The great gift the kink world has given me is learning that it's ok to want to feel powerful and have strange influence over your partner's thoughts and actions, as long as that person is in on it, and properly consents. You don't have to be sneaky about it - and in fact if you are feeling sneaky, that probably means something is very wrong.

But even though I have no interest in therapy - or nudging the lives of the people around me via hypnosis for what I consider to be their own good - studying Erickson will be extremely important for my progress. Since my focus is erotic hypnosis, my goals fall somewhere between the stage hypnotist and Ericksonian nearly undirected healing trances (though some of that is an illusion, as he subtly exerts control). I do want to achieve specific effects, but there are a wide range of effects that please me, and already I've experienced plenty of surprises delightfully arising from my trance partner's mind.
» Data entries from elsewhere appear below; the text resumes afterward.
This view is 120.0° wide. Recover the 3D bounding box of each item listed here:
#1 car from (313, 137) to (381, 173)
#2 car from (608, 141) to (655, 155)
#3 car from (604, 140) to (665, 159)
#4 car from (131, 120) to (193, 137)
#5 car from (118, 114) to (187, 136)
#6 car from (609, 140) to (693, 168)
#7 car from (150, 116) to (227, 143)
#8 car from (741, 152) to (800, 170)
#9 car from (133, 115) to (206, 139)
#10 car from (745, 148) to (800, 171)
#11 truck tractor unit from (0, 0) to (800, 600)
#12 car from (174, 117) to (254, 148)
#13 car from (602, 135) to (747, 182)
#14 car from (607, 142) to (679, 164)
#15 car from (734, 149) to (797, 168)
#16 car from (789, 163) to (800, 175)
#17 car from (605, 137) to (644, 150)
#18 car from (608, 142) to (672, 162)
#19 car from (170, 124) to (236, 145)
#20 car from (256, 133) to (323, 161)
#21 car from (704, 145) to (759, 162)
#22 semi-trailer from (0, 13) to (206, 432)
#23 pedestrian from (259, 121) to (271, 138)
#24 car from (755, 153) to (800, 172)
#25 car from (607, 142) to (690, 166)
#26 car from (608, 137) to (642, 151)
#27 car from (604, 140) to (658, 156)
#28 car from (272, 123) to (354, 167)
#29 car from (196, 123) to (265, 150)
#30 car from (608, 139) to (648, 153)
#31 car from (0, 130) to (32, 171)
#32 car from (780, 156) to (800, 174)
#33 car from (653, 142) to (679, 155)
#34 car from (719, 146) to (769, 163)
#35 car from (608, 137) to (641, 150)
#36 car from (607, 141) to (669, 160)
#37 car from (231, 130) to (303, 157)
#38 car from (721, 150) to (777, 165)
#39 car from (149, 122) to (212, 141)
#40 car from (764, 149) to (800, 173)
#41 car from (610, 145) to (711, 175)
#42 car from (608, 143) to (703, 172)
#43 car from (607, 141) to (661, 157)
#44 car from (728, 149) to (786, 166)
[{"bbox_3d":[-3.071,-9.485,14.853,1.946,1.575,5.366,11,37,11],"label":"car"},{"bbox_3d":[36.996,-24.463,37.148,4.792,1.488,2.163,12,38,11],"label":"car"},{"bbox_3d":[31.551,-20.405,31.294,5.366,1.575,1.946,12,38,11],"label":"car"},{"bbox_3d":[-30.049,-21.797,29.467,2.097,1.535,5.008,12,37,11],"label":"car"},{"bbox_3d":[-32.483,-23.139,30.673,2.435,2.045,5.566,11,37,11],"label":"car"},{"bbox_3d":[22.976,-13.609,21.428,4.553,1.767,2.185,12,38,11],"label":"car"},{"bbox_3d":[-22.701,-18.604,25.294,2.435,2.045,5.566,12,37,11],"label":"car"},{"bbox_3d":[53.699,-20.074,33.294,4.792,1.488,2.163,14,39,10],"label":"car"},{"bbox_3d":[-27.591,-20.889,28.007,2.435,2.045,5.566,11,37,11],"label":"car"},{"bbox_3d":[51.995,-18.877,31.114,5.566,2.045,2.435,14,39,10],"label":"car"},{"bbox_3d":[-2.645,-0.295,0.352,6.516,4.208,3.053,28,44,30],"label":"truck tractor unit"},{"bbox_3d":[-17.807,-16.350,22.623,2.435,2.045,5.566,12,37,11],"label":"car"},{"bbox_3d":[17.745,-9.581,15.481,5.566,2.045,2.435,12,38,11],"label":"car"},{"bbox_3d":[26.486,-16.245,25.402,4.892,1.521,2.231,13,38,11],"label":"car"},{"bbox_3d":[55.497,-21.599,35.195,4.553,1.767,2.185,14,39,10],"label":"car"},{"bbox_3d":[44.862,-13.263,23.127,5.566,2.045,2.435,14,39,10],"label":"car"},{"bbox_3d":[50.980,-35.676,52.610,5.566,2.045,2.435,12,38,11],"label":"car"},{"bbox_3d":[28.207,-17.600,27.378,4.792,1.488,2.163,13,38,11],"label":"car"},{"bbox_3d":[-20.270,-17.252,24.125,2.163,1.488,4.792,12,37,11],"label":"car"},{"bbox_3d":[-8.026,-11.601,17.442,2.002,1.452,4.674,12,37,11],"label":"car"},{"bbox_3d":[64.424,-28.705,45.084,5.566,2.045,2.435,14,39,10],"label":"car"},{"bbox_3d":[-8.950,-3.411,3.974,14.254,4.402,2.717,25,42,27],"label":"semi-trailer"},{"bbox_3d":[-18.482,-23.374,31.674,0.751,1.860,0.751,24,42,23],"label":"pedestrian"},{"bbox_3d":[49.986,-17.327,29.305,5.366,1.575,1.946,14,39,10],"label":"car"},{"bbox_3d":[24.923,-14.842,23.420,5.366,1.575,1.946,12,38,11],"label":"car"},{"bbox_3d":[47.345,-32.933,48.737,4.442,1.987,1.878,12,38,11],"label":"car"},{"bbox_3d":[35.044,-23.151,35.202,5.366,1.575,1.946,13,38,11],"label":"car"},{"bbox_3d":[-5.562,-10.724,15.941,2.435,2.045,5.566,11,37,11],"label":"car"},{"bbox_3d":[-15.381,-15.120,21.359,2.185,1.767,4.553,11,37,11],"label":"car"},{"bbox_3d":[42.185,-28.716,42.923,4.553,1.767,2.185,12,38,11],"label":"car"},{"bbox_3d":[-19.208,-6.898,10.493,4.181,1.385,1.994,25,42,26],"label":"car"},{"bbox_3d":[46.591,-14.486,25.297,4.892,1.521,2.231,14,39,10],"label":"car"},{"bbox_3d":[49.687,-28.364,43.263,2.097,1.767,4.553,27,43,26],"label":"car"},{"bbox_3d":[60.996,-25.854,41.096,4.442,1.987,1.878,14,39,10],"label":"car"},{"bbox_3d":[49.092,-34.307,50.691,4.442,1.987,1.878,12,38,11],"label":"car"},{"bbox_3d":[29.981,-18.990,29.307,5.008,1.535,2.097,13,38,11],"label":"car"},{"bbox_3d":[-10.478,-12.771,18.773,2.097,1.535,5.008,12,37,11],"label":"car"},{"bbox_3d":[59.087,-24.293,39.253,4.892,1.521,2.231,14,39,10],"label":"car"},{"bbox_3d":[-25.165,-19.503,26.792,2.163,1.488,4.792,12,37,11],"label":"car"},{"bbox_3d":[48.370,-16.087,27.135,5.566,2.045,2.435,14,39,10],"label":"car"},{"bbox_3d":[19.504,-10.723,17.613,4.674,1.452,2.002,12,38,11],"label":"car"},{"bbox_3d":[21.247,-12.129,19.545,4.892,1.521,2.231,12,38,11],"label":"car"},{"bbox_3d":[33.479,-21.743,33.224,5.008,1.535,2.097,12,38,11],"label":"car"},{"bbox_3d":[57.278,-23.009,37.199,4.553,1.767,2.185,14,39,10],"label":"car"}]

Where I can learn the most is about how to work with the inexperienced and doubting person, building that person's hypnotic capabilities cumulatively over time and carefully avoiding giving the impression of having "failed". I saw MrDream achieve startling effects in that realm (including with me!), and in other Deepmind Darkwood trances, and now that I've read this book I'm convinced that Erickson holds the key to truly understanding and communicating with the unconscious.